Auf die Vorteile der Virtualisierung setzt beispielsweise der Kreis Aachen. Ergebnis: Durch die Virtualisierungsmaßnahmen reduzierte sich der Verwaltungs- und Pflegeaufwand für die 37 Server der Kreisverwaltung deutlich, so Heino Reinartz, Leiter Informationstechnik beim Kreis Aachen. Die IT-Abteilung plant nun, die auf den Rechnern der Mitarbeiter vorhandene Software ebenfalls zentral zu virtualisieren. Dies soll die Wartungsaufwände auf ein Minimum reduzieren und somit Arbeitsressourcen für Support-Anfahrten bei Außenstellen und Telearbeitern einsparen.
Wie der IT-Leiter berichtet, wird im Kreis Aachen derzeit ein Konzept entwickelt für die komplette Client-Virtualisierung. Indem die Clients zentral betrieben und verwaltet werden, könnten vollwertige Desktop-PCs in den Büros der Mitarbeiter überflüssig werden. Statt dessen können Thin Clients eingesetzt werden. Diese preiswerten Geräte sind oft nicht größer als eine Zigarrenkiste und haben wenig eigene Leistungskapazität. Sie sind an den Monitor angeschlossen und verbinden den Arbeitsplatz mit leistungsfähigen Servern im Rechenzentrum. Thin Clients sparen nicht nur Strom, sie sind auch deutlich leiser als normale Arbeitsplatzrechner.

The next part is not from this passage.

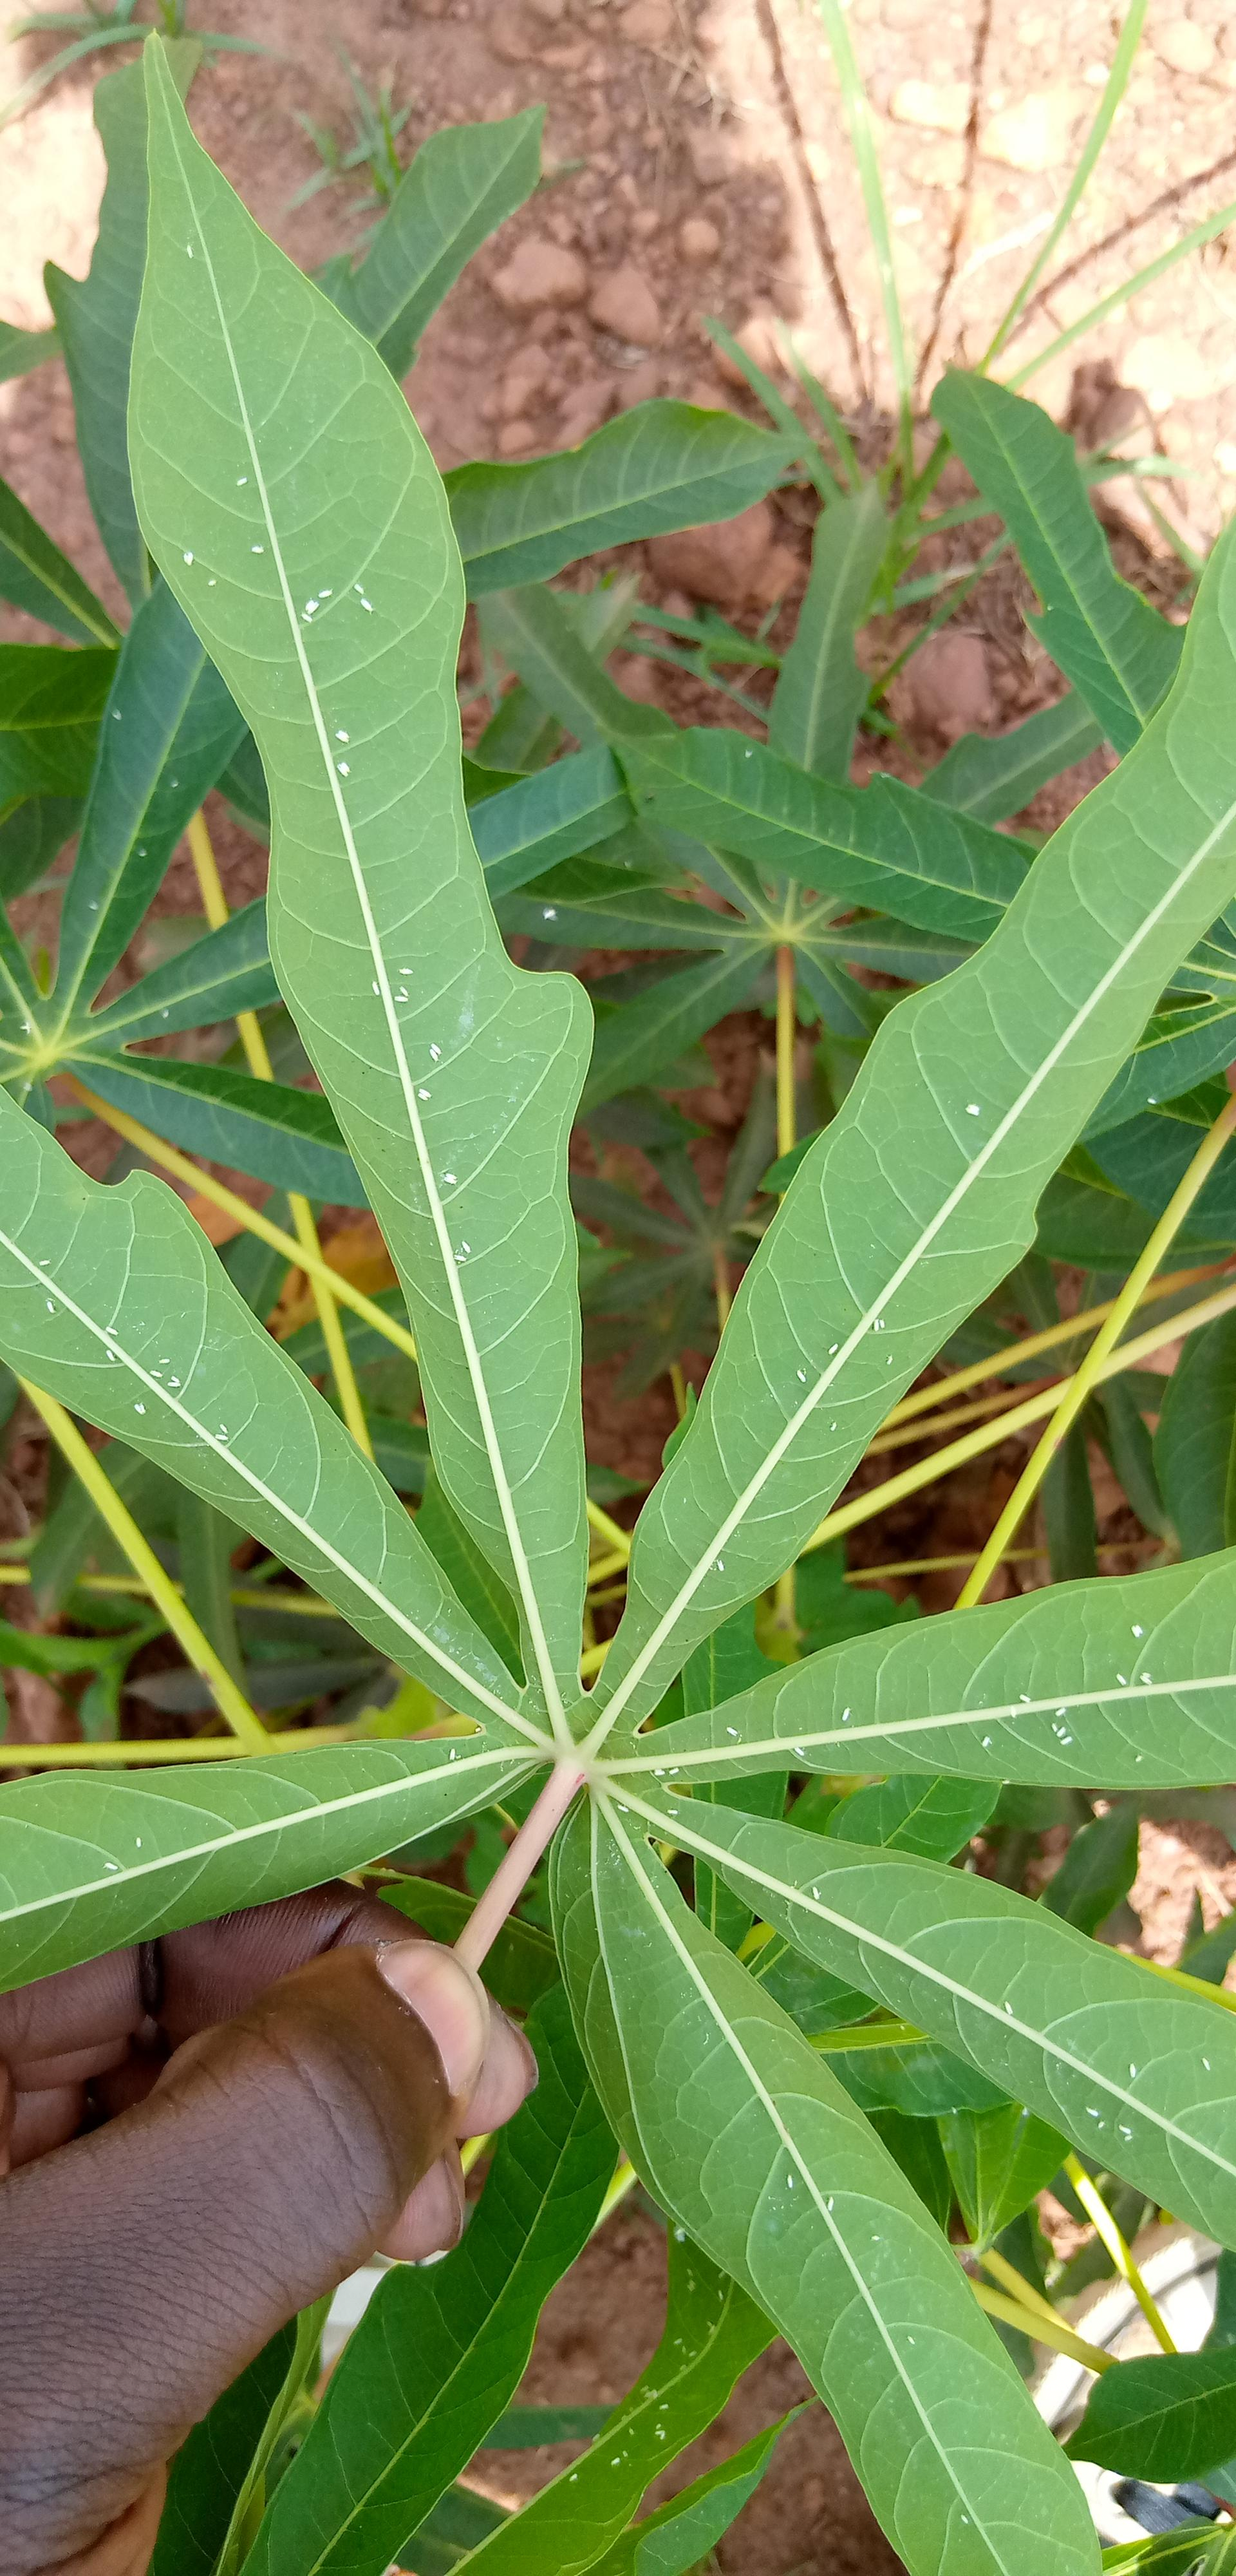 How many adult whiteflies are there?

84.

Heidelberger Verpflichtung

Auch die Stadt Heidelberg bemüht sich, die Energieeffizienz der IT-Infrastruktur zu steigern. Astrid Damer vom Amt für Umweltschutz, Gewerbeaufsicht und Energie berichtet, dass die Stadt sich bereits bei der Beschaffung von Geräten vom Green-IT-Gedanken leiten lässt. Orientierung bieten dabei die Leitfäden „Energieeffiziente Bürogeräte professionell beschaffen“ der Deutschen Energie-Agentur (dena) und „Empfehlungen für die umweltfreundliche Beschaffung von Desktop-PCs“ des Umweltbundesamtes und des Beschaffungsamtes des Bundesministeriums des Innern. Die genaue Analyse, welche Geräte im Büroalltag tatsächlich gebraucht werden, fließt in die Leistungsbeschreibung bei Ausschreibungen ein. Zudem werden Funktionen und Ausstattungen, Energieeffizienzkriterien in allen Betriebszuständen, sicherheitstechnische und ökologische Anforderungen wie beispielsweise Geräuschemissionen, Service, Wartung, Systemintegration und Lieferzeiten bei den Anbietern abgefragt.
Beim Einkauf neuer Bürogeräte berücksichtigt die Stadt Heidelberg dann nicht nur den Anschaffungspreis als Entscheidungskriterium, sondern auch die Lebenszykluskosten. Bei Investitionen in den IT-Bereich wird gezielt energiesparenden Alternativen der Vorzug gegeben. Jede Beschaffung muss auf das spezielle Anforderungsprofil zugeschnitten sein und ein optimales Einsparpotenzial der Ressourcen beinhalten. Denn: Es bestehe neben der ökologischen Verpflichtung eine wirtschaftliche Notwendigkeit ressourceneffiziente Geräte zu kaufen. Astrid Damer: Bei knapper werdenden Haushaltsmitteln ist Green IT kein Selbstzweck. (al)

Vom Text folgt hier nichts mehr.